Dataset excerpts:
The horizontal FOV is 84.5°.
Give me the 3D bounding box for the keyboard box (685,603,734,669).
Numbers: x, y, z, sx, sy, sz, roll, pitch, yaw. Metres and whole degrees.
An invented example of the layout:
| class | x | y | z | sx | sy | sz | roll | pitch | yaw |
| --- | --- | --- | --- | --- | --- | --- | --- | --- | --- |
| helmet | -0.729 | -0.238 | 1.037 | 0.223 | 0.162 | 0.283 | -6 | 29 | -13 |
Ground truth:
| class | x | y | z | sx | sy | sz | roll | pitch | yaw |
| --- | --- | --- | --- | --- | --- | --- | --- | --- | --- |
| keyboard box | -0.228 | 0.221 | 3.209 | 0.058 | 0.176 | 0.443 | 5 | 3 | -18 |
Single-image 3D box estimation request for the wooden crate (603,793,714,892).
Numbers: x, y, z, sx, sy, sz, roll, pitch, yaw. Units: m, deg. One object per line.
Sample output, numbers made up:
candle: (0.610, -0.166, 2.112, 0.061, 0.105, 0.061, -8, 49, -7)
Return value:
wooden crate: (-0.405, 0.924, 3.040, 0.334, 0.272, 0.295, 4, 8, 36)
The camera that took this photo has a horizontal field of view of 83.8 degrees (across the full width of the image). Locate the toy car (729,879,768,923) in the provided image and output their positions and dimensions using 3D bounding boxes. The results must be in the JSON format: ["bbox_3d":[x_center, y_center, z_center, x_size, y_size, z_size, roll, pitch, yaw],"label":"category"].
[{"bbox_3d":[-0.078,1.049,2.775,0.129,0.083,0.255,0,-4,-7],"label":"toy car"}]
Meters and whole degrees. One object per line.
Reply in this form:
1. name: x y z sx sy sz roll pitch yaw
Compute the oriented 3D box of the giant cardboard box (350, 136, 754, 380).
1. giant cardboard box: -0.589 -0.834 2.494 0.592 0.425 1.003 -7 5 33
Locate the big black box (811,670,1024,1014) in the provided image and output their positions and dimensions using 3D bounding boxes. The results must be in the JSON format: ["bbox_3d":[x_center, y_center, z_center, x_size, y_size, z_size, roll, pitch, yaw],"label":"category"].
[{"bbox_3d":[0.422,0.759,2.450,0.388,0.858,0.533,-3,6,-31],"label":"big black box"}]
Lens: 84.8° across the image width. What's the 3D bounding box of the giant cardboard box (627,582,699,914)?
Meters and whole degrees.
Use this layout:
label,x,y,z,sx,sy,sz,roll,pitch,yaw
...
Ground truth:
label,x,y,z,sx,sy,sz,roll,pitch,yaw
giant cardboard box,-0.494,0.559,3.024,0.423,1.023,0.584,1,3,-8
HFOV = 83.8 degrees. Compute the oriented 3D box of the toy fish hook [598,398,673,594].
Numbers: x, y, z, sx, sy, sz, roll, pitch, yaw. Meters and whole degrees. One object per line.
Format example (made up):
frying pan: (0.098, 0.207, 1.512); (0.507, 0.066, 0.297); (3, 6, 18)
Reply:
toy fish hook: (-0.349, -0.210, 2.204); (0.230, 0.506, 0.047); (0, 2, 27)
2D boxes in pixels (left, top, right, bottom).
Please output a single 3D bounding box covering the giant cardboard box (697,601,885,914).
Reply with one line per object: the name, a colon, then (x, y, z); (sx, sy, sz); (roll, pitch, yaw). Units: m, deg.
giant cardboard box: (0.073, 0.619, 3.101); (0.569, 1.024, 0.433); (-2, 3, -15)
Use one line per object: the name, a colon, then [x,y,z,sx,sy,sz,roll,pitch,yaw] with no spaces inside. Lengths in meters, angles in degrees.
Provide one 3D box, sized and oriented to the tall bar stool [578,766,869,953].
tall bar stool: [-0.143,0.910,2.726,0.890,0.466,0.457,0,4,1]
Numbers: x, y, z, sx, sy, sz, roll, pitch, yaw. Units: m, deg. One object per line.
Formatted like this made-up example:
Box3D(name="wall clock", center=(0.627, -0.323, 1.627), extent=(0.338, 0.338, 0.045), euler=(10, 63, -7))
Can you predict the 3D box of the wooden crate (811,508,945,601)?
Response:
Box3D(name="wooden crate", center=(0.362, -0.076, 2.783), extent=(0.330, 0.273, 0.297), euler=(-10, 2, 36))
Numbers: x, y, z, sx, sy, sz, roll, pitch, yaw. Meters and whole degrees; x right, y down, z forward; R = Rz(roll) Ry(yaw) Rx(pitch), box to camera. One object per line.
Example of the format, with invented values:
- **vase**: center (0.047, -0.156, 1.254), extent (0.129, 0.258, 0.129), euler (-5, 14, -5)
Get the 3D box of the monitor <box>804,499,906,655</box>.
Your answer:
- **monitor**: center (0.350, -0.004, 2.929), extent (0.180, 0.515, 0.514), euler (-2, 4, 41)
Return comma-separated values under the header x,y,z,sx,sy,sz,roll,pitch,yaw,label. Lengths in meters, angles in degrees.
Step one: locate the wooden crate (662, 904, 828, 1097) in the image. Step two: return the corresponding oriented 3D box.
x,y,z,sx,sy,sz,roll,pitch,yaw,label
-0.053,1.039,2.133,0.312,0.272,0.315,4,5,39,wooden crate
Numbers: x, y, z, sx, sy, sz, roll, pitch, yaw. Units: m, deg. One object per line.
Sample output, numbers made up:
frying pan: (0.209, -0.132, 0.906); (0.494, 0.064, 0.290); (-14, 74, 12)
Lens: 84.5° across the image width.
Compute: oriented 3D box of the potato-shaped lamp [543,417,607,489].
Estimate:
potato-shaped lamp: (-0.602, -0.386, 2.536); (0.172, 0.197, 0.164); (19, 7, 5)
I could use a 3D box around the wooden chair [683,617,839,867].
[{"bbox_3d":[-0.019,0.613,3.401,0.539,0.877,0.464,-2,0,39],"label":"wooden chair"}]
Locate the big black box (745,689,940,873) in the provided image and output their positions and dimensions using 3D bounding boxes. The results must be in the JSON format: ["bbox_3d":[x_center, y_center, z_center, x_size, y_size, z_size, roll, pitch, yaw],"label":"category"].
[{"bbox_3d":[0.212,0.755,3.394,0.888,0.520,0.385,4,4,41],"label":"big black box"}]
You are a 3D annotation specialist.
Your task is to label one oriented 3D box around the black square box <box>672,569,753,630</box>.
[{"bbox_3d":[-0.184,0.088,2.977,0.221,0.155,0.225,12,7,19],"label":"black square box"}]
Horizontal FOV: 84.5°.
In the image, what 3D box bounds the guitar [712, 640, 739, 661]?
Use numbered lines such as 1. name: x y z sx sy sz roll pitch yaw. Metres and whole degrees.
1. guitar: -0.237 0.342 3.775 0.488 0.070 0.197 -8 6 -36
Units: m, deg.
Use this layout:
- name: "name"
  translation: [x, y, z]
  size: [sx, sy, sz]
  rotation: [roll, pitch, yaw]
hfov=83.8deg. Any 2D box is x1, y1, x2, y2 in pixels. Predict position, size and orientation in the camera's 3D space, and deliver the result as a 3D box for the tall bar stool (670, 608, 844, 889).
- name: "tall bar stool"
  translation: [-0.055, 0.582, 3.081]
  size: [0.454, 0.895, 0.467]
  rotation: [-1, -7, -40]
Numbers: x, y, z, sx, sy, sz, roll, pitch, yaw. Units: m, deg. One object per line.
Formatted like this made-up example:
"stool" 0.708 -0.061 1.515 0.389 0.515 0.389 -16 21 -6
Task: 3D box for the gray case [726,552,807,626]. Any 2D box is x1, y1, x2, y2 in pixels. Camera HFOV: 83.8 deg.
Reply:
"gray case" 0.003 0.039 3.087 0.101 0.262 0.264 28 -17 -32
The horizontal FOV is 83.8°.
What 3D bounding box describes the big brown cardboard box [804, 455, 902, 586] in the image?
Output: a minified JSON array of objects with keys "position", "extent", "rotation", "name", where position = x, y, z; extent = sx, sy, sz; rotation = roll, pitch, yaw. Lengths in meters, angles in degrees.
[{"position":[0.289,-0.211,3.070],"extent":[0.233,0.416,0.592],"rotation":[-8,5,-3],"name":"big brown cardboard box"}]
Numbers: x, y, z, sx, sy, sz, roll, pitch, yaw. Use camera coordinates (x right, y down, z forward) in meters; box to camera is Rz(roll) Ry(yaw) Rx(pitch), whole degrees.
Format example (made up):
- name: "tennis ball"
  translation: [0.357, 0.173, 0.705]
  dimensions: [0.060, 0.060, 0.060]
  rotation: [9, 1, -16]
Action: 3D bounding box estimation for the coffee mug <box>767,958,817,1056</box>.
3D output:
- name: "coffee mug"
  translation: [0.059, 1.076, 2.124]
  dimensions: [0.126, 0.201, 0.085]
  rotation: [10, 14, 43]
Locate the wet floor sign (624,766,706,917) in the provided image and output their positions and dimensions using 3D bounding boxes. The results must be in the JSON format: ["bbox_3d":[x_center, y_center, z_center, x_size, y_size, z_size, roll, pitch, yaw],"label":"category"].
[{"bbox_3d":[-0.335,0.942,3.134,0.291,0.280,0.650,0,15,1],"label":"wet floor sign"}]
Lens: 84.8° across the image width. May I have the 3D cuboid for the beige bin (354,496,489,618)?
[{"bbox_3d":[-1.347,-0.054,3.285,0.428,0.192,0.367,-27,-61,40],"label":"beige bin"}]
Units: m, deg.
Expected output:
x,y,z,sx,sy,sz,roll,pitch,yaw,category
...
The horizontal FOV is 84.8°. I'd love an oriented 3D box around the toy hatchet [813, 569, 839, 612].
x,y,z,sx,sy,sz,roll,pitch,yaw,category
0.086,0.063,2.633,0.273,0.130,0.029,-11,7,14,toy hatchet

Directions:
The expected answer is an exact copy of the lines above, beginning at the line with "size: [sx, sy, sz]" and ending at the line with "0.389 -16 21 -6", with both ends in.

Solved problem:
  size: [sx, sy, sz]
  rotation: [roll, pitch, yaw]
hfov=83.8deg. Any 2D box is x1, y1, x2, y2 in pixels. Predict position, size and orientation in the camera's 3D space, and deliver the result as a 3D box for the tall bar stool (670, 608, 844, 889).
- name: "tall bar stool"
  translation: [-0.055, 0.582, 3.081]
  size: [0.454, 0.895, 0.467]
  rotation: [-1, -7, -40]
Numbers: x, y, z, sx, sy, sz, roll, pitch, yaw. Units: m, deg. One object per line.
Formatted like this made-up example:
"stool" 0.708 -0.061 1.515 0.389 0.515 0.389 -16 21 -6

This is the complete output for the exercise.